| name | cheapest-discriminating-test |
| description | With multiple live hypotheses and a limited test budget, design the cheapest single test whose possible outcomes separate the hypotheses — with a results-to-verdict table committed before running anything. Activate when two or more competing hypotheses are on the table and the next step is choosing what test, experiment, or probe to run. |
| license | MIT |
cheapest-discriminating-test
Trigger (observable): Two or more competing hypotheses are on the table (bug causes, channel explanations, design options) and the next step is choosing what test, experiment, or probe to run.
When NOT to activate: Only one hypothesis exists (generate alternatives first); testing is free and instant, so running everything beats designing; the decision doesn't depend on which hypothesis is true.
Procedure
- Write each hypothesis's distinct observable fingerprint: what it predicts that the others do not.
- Search for the manipulation under which the hypotheses predict DIFFERENT outcomes; prefer one manipulation that separates two or more at once (the unifying discriminant).
- Pre-commit a discrimination table before running: every possible result row → which hypotheses it kills, confirms, or leaves untouched — including the 'no clear signal' row.

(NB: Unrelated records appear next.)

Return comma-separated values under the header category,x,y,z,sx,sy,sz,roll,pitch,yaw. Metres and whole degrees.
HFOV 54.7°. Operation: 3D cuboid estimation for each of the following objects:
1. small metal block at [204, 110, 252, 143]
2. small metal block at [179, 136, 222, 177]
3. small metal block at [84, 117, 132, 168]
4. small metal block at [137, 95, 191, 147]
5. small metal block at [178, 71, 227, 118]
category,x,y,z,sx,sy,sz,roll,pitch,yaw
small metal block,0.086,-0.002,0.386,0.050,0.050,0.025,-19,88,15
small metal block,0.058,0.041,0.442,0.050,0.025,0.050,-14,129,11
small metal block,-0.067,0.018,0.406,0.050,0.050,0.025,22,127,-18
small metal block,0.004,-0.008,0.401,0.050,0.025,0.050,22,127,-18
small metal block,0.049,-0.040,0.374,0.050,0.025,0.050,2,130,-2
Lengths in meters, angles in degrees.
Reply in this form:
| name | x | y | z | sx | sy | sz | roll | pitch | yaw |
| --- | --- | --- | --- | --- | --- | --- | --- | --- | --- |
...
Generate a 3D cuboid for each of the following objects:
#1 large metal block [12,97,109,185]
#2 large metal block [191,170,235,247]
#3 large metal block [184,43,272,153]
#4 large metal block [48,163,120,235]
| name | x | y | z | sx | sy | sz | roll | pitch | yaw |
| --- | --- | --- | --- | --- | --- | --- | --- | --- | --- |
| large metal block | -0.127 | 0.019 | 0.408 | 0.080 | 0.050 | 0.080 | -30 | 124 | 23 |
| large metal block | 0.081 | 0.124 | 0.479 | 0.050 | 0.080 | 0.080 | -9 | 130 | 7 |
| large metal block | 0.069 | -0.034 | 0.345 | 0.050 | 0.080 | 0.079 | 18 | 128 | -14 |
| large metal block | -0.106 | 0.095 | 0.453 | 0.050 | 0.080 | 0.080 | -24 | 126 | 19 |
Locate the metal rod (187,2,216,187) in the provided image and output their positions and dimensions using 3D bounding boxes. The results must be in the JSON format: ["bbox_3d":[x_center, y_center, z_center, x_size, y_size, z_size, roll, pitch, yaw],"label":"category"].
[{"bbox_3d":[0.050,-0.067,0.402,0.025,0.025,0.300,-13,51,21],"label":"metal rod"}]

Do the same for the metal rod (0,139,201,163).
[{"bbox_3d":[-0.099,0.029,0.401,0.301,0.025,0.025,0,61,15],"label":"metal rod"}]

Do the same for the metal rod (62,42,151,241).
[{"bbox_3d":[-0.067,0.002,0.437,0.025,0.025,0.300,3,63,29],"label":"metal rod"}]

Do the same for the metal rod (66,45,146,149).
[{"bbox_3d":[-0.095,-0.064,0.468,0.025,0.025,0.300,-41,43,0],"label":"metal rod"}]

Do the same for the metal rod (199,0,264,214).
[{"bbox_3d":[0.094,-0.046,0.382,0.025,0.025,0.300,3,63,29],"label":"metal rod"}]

- Reject any candidate test whose every outcome leaves the hypothesis set unchanged — 'add logging' and 'increase coverage' are gestures, not discriminators.
- Among surviving tests, run the cheapest; score the actual result against the pre-committed table, not against post-hoc interpretation.
Required output
The discrimination table (result row → verdict per hypothesis) written before execution, plus the chosen test with its cost rationale.
Verification
- The results-to-verdict table is committed before the test executes, and it includes the no-signal row.

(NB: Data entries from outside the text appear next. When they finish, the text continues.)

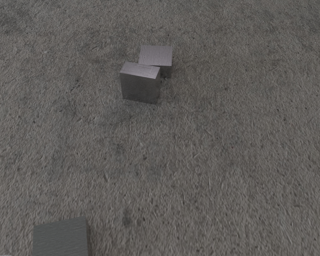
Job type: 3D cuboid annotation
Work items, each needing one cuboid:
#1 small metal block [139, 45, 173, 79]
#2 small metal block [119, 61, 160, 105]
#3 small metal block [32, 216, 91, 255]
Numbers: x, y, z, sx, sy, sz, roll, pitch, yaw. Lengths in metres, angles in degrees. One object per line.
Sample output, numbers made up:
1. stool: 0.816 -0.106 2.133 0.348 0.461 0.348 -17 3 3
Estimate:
1. small metal block: -0.006 -0.105 0.492 0.050 0.025 0.050 2 50 2
2. small metal block: -0.027 -0.063 0.440 0.050 0.050 0.025 11 51 9
3. small metal block: -0.095 0.119 0.302 0.050 0.025 0.050 -10 51 -8
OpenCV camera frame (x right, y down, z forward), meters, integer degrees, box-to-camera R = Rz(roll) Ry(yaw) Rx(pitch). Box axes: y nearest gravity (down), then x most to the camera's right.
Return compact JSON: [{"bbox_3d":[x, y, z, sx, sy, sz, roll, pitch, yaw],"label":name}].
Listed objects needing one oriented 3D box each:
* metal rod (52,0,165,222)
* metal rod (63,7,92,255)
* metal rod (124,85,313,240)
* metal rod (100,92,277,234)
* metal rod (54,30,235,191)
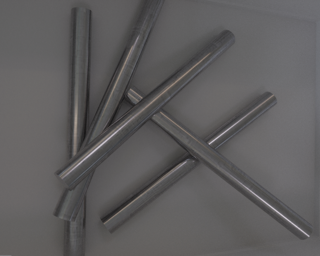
[{"bbox_3d":[-0.055,-0.039,0.373,0.025,0.025,0.299,25,76,-18],"label":"metal rod"},{"bbox_3d":[-0.099,0.008,0.373,0.025,0.025,0.298,2,89,-20],"label":"metal rod"},{"bbox_3d":[0.077,0.047,0.406,0.301,0.025,0.025,38,78,-4],"label":"metal rod"},{"bbox_3d":[0.050,0.039,0.428,0.301,0.025,0.025,-35,102,-17],"label":"metal rod"},{"bbox_3d":[0.000,-0.038,0.379,0.301,0.025,0.025,-43,104,-27],"label":"metal rod"}]
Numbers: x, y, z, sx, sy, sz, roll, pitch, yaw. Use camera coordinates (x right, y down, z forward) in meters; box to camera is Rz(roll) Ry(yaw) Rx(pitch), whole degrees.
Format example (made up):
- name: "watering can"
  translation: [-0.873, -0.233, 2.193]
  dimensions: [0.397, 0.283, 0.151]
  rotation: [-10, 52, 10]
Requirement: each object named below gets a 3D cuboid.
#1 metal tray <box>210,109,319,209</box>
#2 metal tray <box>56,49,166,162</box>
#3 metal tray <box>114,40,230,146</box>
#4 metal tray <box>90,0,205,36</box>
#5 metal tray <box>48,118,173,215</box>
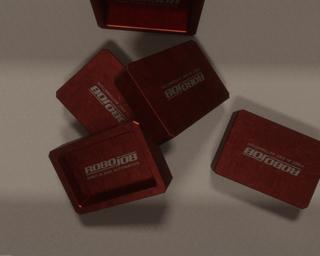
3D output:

- At least one outcome of the chosen test kills at least one hypothesis.
Known risk: Analysis paralysis designing the perfect discriminant while a cheap sequential test would have settled it. Mitigation: if any single test is near-free, run it first and design after.

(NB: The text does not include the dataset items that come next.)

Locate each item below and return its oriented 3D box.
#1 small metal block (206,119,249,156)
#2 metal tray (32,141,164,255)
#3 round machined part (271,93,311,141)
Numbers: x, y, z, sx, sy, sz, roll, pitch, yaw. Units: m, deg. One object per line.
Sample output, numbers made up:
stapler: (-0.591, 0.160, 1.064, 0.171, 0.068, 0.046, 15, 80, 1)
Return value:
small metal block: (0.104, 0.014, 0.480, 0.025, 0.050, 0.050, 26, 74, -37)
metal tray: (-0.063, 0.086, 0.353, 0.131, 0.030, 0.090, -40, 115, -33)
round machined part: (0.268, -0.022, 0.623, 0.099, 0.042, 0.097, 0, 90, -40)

Max intended cost: ≤350 added output tokens for the table; the test itself is chosen for minimal cost.
Evidence status: DESIGNED — specified from documented reasoning-failure modes; not yet executed as a packaged skill.
Lineage: Derived from an evidence-backed unifying-discriminant repair pattern (one manipulation that separates multiple hypotheses at once) and a documented reasoning-failure mode: running tests whose every outcome is compatible with every live hypothesis.